HeatMat: Simulation of City Material Impact on Urban Heat Island Effect
Marie Reinbigler, Romain Rouffet, Peter Naylor, Mikolaj Czerkawski, Nikolaos Dionelis, Elisabeth Brunet, Catalin Fetita, Rosalie Martin
https://arxiv.org/abs/2601.22796 https://arxiv.org/pdf/2601.22796 https://arxiv.org/html/2601.22796
arXiv:2601.22796v1 Announce Type: new
Abstract: The Urban Heat Island (UHI) effect, defined as a significant increase in temperature in urban environments compared to surrounding areas, is difficult to study in real cities using sensor data (satellites or in-situ stations) due to their coarse spatial and temporal resolution.

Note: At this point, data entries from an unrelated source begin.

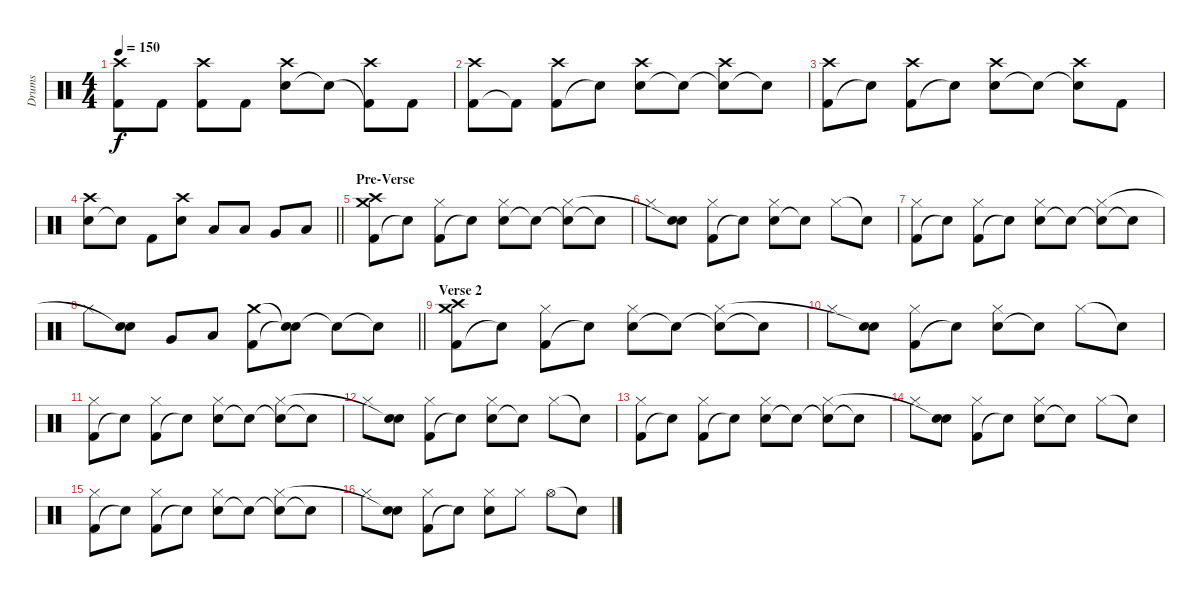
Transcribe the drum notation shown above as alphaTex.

\track ("Drums" "Drums") {instrument percussion}
\staff {score}
\articulation defaults
\ts (4 4)
\tempo 150
\clef neutral
\ks c
("Kick (hit) 2" "Crash high (hit)").8{dy f} "Kick (hit) 2".8 ("Kick (hit) 2" "Crash high (hit)").8 "Kick (hit) 2".8 ("Electric Snare (hit)" "Crash high (hit)").8 "Snare (hit)"{t}.8 ("Kick (hit) 2"{t} "Crash high (hit)").8 "Kick (hit) 2".8 |
("Kick (hit) 2" "Crash high (hit)").8 "Kick (hit) 2"{t}.8 ("Kick (hit) 2" "Crash high (hit)").8 "Electric Snare (hit)"{t}.8 ("Electric Snare (hit)" "Crash high (hit)").8 "Snare (hit)"{t}.8 ("Snare (hit)"{t} "Crash high (hit)").8 "Snare (hit)"{t}.8 |
("Kick (hit) 2" "Crash high (hit)").8 "Snare (hit)"{t}.8 ("Kick (hit) 2" "Crash high (hit)").8 "Snare (hit)"{t}.8 ("Electric Snare (hit)" "Crash high (hit)").8 "Snare (hit)"{t}.8 ("Snare (hit)"{t} "Crash high (hit)").8 "Kick (hit) 2".8 |
\barLineRight lightlight
("Electric Snare (hit)" "Crash high (hit)").8 "Snare (hit)"{t}.8 "Kick (hit) 2".8 ("Electric Snare (hit)" "Crash high (hit)").8 "Low Tom (hit)".8 "Low Tom (hit)".8 "Very Low Tom (hit)".8 "Low Floor Tom (hit)".8 |
\section ("" "Pre-Verse")
("Kick (hit) 2" "Crash medium (hit)" "Crash high (hit)").8 "Snare (hit)"{t}.8 ("Kick (hit) 2" "Hi-Hat (closed)").8 "Snare (hit)"{t}.8 ("Electric Snare (hit)" "Hi-Hat (closed)").8 "Snare (hit)"{t}.8 ("Snare (hit)"{t} "Hi-Hat (closed)").8 "Snare (hit)"{t}.8 |
"Hi-Hat (closed)".8 ("Electric Snare (hit)" "Snare (hit)"{t}).8 ("Kick (hit) 2" "Hi-Hat (closed)").8 "Snare (hit)"{t}.8 ("Electric Snare (hit)" "Hi-Hat (closed)").8 "Snare (hit)"{t}.8 "Hi-Hat (closed)".8 "Snare (hit)"{t}.8 |
("Kick (hit) 2" "Hi-Hat (closed)").8 "Snare (hit)"{t}.8 ("Kick (hit) 2" "Hi-Hat (closed)").8 "Snare (hit)"{t}.8 ("Electric Snare (hit)" "Hi-Hat (closed)").8 "Snare (hit)"{t}.8 ("Snare (hit)"{t} "Hi-Hat (closed)").8 "Snare (hit)"{t}.8 |
\barLineRight lightlight "Hi-Hat (closed)".8
("Electric Snare (hit)" "Snare (hit)"{t}).8 "Very Low Tom (hit)".8 "Low Floor Tom (hit)".8 ("Kick (hit) 2" "Crash medium (hit)").8 ("Snare (hit)"{t} "Snare (hit)"{t}).8 "Snare (hit)"{t}.8 "Snare (hit)"{t}.8 |
\section ("" "Verse 2")
("Kick (hit) 2" "Crash medium (hit)" "Crash high (hit)").8 "Snare (hit)"{t}.8 ("Kick (hit) 2" "Hi-Hat (closed)").8 "Snare (hit)"{t}.8 ("Electric Snare (hit)" "Hi-Hat (closed)").8 "Snare (hit)"{t}.8 ("Snare (hit)"{t} "Hi-Hat (closed)").8 "Snare (hit)"{t}.8 |
"Hi-Hat (closed)".8 ("Electric Snare (hit)" "Snare (hit)"{t}).8 ("Kick (hit) 2" "Hi-Hat (closed)").8 "Snare (hit)"{t}.8 ("Electric Snare (hit)" "Hi-Hat (closed)").8 "Snare (hit)"{t}.8 "Hi-Hat (closed)".8 "Snare (hit)"{t}.8 |
("Kick (hit) 2" "Hi-Hat (closed)").8 "Snare (hit)"{t}.8 ("Kick (hit) 2" "Hi-Hat (closed)").8 "Snare (hit)"{t}.8 ("Electric Snare (hit)" "Hi-Hat (closed)").8 "Snare (hit)"{t}.8 ("Snare (hit)"{t} "Hi-Hat (closed)").8 "Snare (hit)"{t}.8 |
"Hi-Hat (closed)".8 ("Electric Snare (hit)" "Snare (hit)"{t}).8 ("Kick (hit) 2" "Hi-Hat (closed)").8 "Snare (hit)"{t}.8 ("Electric Snare (hit)" "Hi-Hat (closed)").8 "Snare (hit)"{t}.8 "Hi-Hat (closed)".8 "Snare (hit)"{t}.8 |
("Kick (hit) 2" "Hi-Hat (closed)").8 "Snare (hit)"{t}.8 ("Kick (hit) 2" "Hi-Hat (closed)").8 "Snare (hit)"{t}.8 ("Electric Snare (hit)" "Hi-Hat (closed)").8 "Snare (hit)"{t}.8 ("Snare (hit)"{t} "Hi-Hat (closed)").8 "Snare (hit)"{t}.8 |
"Hi-Hat (closed)".8 ("Electric Snare (hit)" "Snare (hit)"{t}).8 ("Kick (hit) 2" "Hi-Hat (closed)").8 "Snare (hit)"{t}.8 ("Electric Snare (hit)" "Hi-Hat (closed)").8 "Snare (hit)"{t}.8 "Hi-Hat (closed)".8 "Snare (hit)"{t}.8 |
("Kick (hit) 2" "Hi-Hat (closed)").8 "Snare (hit)"{t}.8 ("Kick (hit) 2" "Hi-Hat (closed)").8 "Snare (hit)"{t}.8 ("Electric Snare (hit)" "Hi-Hat (closed)").8 "Snare (hit)"{t}.8 ("Snare (hit)"{t} "Hi-Hat (closed)").8 "Snare (hit)"{t}.8 |
"Hi-Hat (closed)".8 ("Electric Snare (hit)" "Snare (hit)"{t}).8 ("Kick (hit) 2" "Hi-Hat (closed)").8 "Snare (hit)"{t}.8 ("Electric Snare (hit)" "Hi-Hat (closed)").8 "Hi-Hat (closed)".8 "Hi-Hat (open)".8 "Snare (hit)"{t}.8

Among the factors contributing to this effect are the properties of urban materials, which differ from those in rural areas. To analyze their individual impact and to test new material configurations, a high-resolution simulation at the city scale is required. Estimating the current materials used in a city, including those on building facades, is also challenging. We propose HeatMat, an approach to analyze at high resolution the individual impact of urban materials on the UHI effect in a real city, relying only on open data. We estimate building materials using street-view images and a pre-trained vision-language model (VLM) to supplement existing OpenStreetMap data, which describes the 2D geometry and features of buildings. We further encode this information into a set of 2D maps that represent the city's vertical structure and material characteristics. These maps serve as inputs for our 2.5D simulator, which models coupled heat transfers and enables random-access surface temperature estimation at multiple resolutions, reaching an x20 speedup compared to an equivalent simulation in 3D.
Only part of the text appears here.